In another case from 2016, USCG-ALJ judge Bruce Tucker Smith approved a settlement agreement that levied only a one-month suspension against a USCG-credentialed ship captain who was convicted of a sex crime in Virginia state court. That settlement agreement, which also constituted a final agency decision, was also never proactively disclosed to the public as required by the Administrative Procedures Act.
In another case from 2018, a not-yet-identified USCG-ALJ judge issued a settlement agreement to a USCG-credentialed mariner who was convicted of sex crimes by the 184th District Court of Harris County, Texas. The conviction required the mariner to register as a sex offender under Texas’ statewide “Sex Offender Registry.” However, despite the known danger this mariner posed to residents of the state of Texas and to other mariners, the USCG-ALJ judge issued a settlement agreement to the mariner that created a path for him to obtain his unlimited tonnage merchant mariner’s license. The existence of the settlement agreement was never disclosed to the public as required by the Administrative Procedures Act.
Unfortunately, these 3 examples constitute only a small glimpse of a deeply disturbing pattern of leniency given to USCG-credentialed mariners who have been found to have engaged in sexual misconduct by Walter Brudzinski and his fellow USCG-ALJ judges.
Most troubling to MLAA is the pattern of secrecy surrounding the USCG’s enforcement of laws and regulations against sexual misconduct committed by USCG-credentialed mariners. The secrecy and lack of transparency on the part of the USCG has prevented other USCG-credentialed mariners from knowing whether or not they are trapped on a ship with a sexual predator and has prevented mariners from knowing whether or not they are at a heightened risk of sexual assault at sea.
Before MLAA began its investigation of the Coast Guard via the FOIA in 2020, the public had no knowledge of any of these cited cases, nor any knowledge of the many other cases MLAA has written about wherein the USCG gave extraordinarily lenient punishments to USCG-credentialed mariners who the USCG knew were sexual predators.
Through its lawsuit against the Coast Guard, MLAA seeks to pierce the veil of administrative secrecy that surrounds these important issues, open USCG action to the light of public scrutiny, and eventually make the maritime workplace safer for hundreds of thousands of Americans.

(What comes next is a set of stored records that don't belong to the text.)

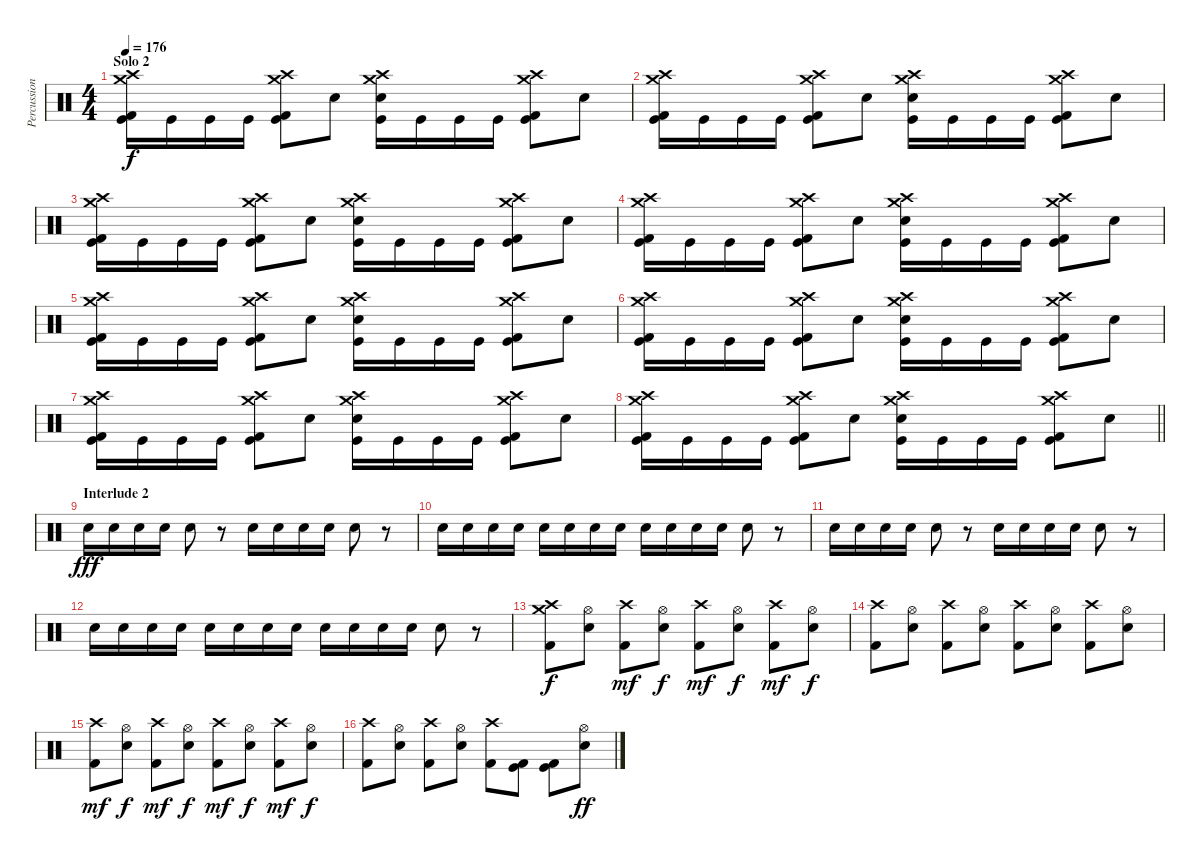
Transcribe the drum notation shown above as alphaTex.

\track ("Percussion" "Percussion") {instrument percussion}
\staff {score}
\articulation defaults
\ts (4 4)
\section ("" "Solo 2")
\tempo 176
\clef neutral
\ks c
("Crash medium (hit)" "Crash high (hit)" "Kick (hit) 2" "Kick (hit)").16{dy f} "Kick (hit)".16 "Kick (hit)".16 "Kick (hit)".16 ("Crash high (hit)" "Crash medium (hit)" "Kick (hit) 2" "Kick (hit)").8 "Snare (hit)"{x}.8 ("Crash medium (hit)" "Crash high (hit)" "Electric Snare (hit)" "Kick (hit)").16 "Kick (hit)".16 "Kick (hit)".16 "Kick (hit)".16 ("Crash high (hit)" "Crash medium (hit)" "Kick (hit) 2" "Kick (hit)").8 "Snare (hit)"{x}.8 |
("Crash medium (hit)" "Crash high (hit)" "Kick (hit) 2" "Kick (hit)").16 "Kick (hit)".16 "Kick (hit)".16 "Kick (hit)".16 ("Crash high (hit)" "Crash medium (hit)" "Kick (hit) 2" "Kick (hit)").8 "Snare (hit)"{x}.8 ("Crash medium (hit)" "Crash high (hit)" "Electric Snare (hit)" "Kick (hit)").16 "Kick (hit)".16 "Kick (hit)".16 "Kick (hit)".16 ("Crash high (hit)" "Crash medium (hit)" "Kick (hit) 2" "Kick (hit)").8 "Snare (hit)"{x}.8 |
("Crash medium (hit)" "Crash high (hit)" "Kick (hit) 2" "Kick (hit)").16 "Kick (hit)".16 "Kick (hit)".16 "Kick (hit)".16 ("Crash high (hit)" "Crash medium (hit)" "Kick (hit) 2" "Kick (hit)").8 "Snare (hit)"{x}.8 ("Crash medium (hit)" "Crash high (hit)" "Electric Snare (hit)" "Kick (hit)").16 "Kick (hit)".16 "Kick (hit)".16 "Kick (hit)".16 ("Crash high (hit)" "Crash medium (hit)" "Kick (hit) 2" "Kick (hit)").8 "Snare (hit)"{x}.8 |
("Crash medium (hit)" "Crash high (hit)" "Kick (hit) 2" "Kick (hit)").16 "Kick (hit)".16 "Kick (hit)".16 "Kick (hit)".16 ("Crash high (hit)" "Crash medium (hit)" "Kick (hit) 2" "Kick (hit)").8 "Snare (hit)"{x}.8 ("Crash medium (hit)" "Crash high (hit)" "Electric Snare (hit)" "Kick (hit)").16 "Kick (hit)".16 "Kick (hit)".16 "Kick (hit)".16 ("Crash high (hit)" "Crash medium (hit)" "Kick (hit) 2" "Kick (hit)").8 "Snare (hit)"{x}.8 |
("Crash medium (hit)" "Crash high (hit)" "Kick (hit) 2" "Kick (hit)").16 "Kick (hit)".16 "Kick (hit)".16 "Kick (hit)".16 ("Crash high (hit)" "Crash medium (hit)" "Kick (hit) 2" "Kick (hit)").8 "Snare (hit)"{x}.8 ("Crash medium (hit)" "Crash high (hit)" "Electric Snare (hit)" "Kick (hit)").16 "Kick (hit)".16 "Kick (hit)".16 "Kick (hit)".16 ("Crash high (hit)" "Crash medium (hit)" "Kick (hit) 2" "Kick (hit)").8 "Snare (hit)"{x}.8 |
("Crash medium (hit)" "Crash high (hit)" "Kick (hit) 2" "Kick (hit)").16 "Kick (hit)".16 "Kick (hit)".16 "Kick (hit)".16 ("Crash high (hit)" "Crash medium (hit)" "Kick (hit) 2" "Kick (hit)").8 "Snare (hit)"{x}.8 ("Crash medium (hit)" "Crash high (hit)" "Electric Snare (hit)" "Kick (hit)").16 "Kick (hit)".16 "Kick (hit)".16 "Kick (hit)".16 ("Crash high (hit)" "Crash medium (hit)" "Kick (hit) 2" "Kick (hit)").8 "Snare (hit)"{x}.8 |
("Crash medium (hit)" "Crash high (hit)" "Kick (hit) 2" "Kick (hit)").16 "Kick (hit)".16 "Kick (hit)".16 "Kick (hit)".16 ("Crash high (hit)" "Crash medium (hit)" "Kick (hit) 2" "Kick (hit)").8 "Snare (hit)"{x}.8 ("Crash medium (hit)" "Crash high (hit)" "Electric Snare (hit)" "Kick (hit)").16 "Kick (hit)".16 "Kick (hit)".16 "Kick (hit)".16 ("Crash high (hit)" "Crash medium (hit)" "Kick (hit) 2" "Kick (hit)").8 "Snare (hit)"{x}.8 |
\barLineRight lightlight
("Crash medium (hit)" "Crash high (hit)" "Kick (hit) 2" "Kick (hit)").16 "Kick (hit)".16 "Kick (hit)".16 "Kick (hit)".16 ("Crash high (hit)" "Crash medium (hit)" "Kick (hit) 2" "Kick (hit)").8 "Snare (hit)"{x}.8 ("Crash medium (hit)" "Crash high (hit)" "Electric Snare (hit)" "Kick (hit)").16 "Kick (hit)".16 "Kick (hit)".16 "Kick (hit)".16 ("Crash high (hit)" "Crash medium (hit)" "Kick (hit) 2" "Kick (hit)").8 "Snare (hit)"{x}.8 |
\section ("" "Interlude 2")
"Electric Snare (hit)".16{dy fff} "Electric Snare (hit)".16 "Electric Snare (hit)".16 "Electric Snare (hit)".16 "Electric Snare (hit)".8 r.8 "Electric Snare (hit)".16 "Electric Snare (hit)".16 "Electric Snare (hit)".16 "Electric Snare (hit)".16 "Electric Snare (hit)".8 r.8 |
"Electric Snare (hit)".16 "Electric Snare (hit)".16 "Electric Snare (hit)".16 "Electric Snare (hit)".16 "Electric Snare (hit)".16 "Electric Snare (hit)".16 "Electric Snare (hit)".16 "Electric Snare (hit)".16 "Electric Snare (hit)".16 "Electric Snare (hit)".16 "Electric Snare (hit)".16 "Electric Snare (hit)".16 "Electric Snare (hit)".8 r.8 |
"Electric Snare (hit)".16 "Electric Snare (hit)".16 "Electric Snare (hit)".16 "Electric Snare (hit)".16 "Electric Snare (hit)".8 r.8 "Electric Snare (hit)".16 "Electric Snare (hit)".16 "Electric Snare (hit)".16 "Electric Snare (hit)".16 "Electric Snare (hit)".8 r.8 |
"Electric Snare (hit)".16 "Electric Snare (hit)".16 "Electric Snare (hit)".16 "Electric Snare (hit)".16 "Electric Snare (hit)".16 "Electric Snare (hit)".16 "Electric Snare (hit)".16 "Electric Snare (hit)".16 "Electric Snare (hit)".16 "Electric Snare (hit)".16 "Electric Snare (hit)".16 "Electric Snare (hit)".16 "Electric Snare (hit)".8 r.8 |
("Crash medium (hit)" "Crash high (hit)" "Kick (hit) 2").8{dy f} ("Hi-Hat (open)" "Electric Snare (hit)").8 ("Crash high (hit)" "Kick (hit) 2").8{dy mf} ("Hi-Hat (open)" "Electric Snare (hit)").8{dy f} ("Crash high (hit)" "Kick (hit) 2").8{dy mf} ("Hi-Hat (open)" "Electric Snare (hit)").8{dy f} ("Crash high (hit)" "Kick (hit) 2").8{dy mf} ("Hi-Hat (open)" "Electric Snare (hit)").8{dy f} |
("Crash high (hit)" "Kick (hit) 2").8 ("Hi-Hat (open)" "Electric Snare (hit)").8 ("Crash high (hit)" "Kick (hit) 2").8 ("Hi-Hat (open)" "Electric Snare (hit)").8 ("Crash high (hit)" "Kick (hit) 2").8 ("Hi-Hat (open)" "Electric Snare (hit)").8 ("Crash high (hit)" "Kick (hit) 2").8 ("Hi-Hat (open)" "Electric Snare (hit)").8 |
("Crash high (hit)" "Kick (hit) 2").8{dy mf} ("Hi-Hat (open)" "Electric Snare (hit)").8{dy f} ("Crash high (hit)" "Kick (hit) 2").8{dy mf} ("Hi-Hat (open)" "Electric Snare (hit)").8{dy f} ("Crash high (hit)" "Kick (hit) 2").8{dy mf} ("Hi-Hat (open)" "Electric Snare (hit)").8{dy f} ("Crash high (hit)" "Kick (hit) 2").8{dy mf} ("Hi-Hat (open)" "Electric Snare (hit)").8{dy f} |
("Crash high (hit)" "Kick (hit) 2").8 ("Hi-Hat (open)" "Electric Snare (hit)").8 ("Crash high (hit)" "Kick (hit) 2").8 ("Hi-Hat (open)" "Electric Snare (hit)").8 ("Crash high (hit)" "Kick (hit) 2").8 ("Kick (hit) 2" "Kick (hit)").8 ("Kick (hit) 2" "Kick (hit)").8 ("Hi-Hat (open)" "Electric Snare (hit)").8{dy ff}

MLAA is represented in the lawsuit by Attorney J. Ryan Melogy of New York firm Maritime Legal Solutions, PLLC. In addition to representing MLAA in its lawsuit against the Coast Guard, Melogy is also representing MLAA in a lawsuit against the U.S. Maritime Administration. Melogy also represents numerous victims of maritime industry sexual harassment and sexual assault in civil actions against shipping companies and in the victims’ related criminal and administrative proceedings against the perpetrators of the crimes and sexual misconduct.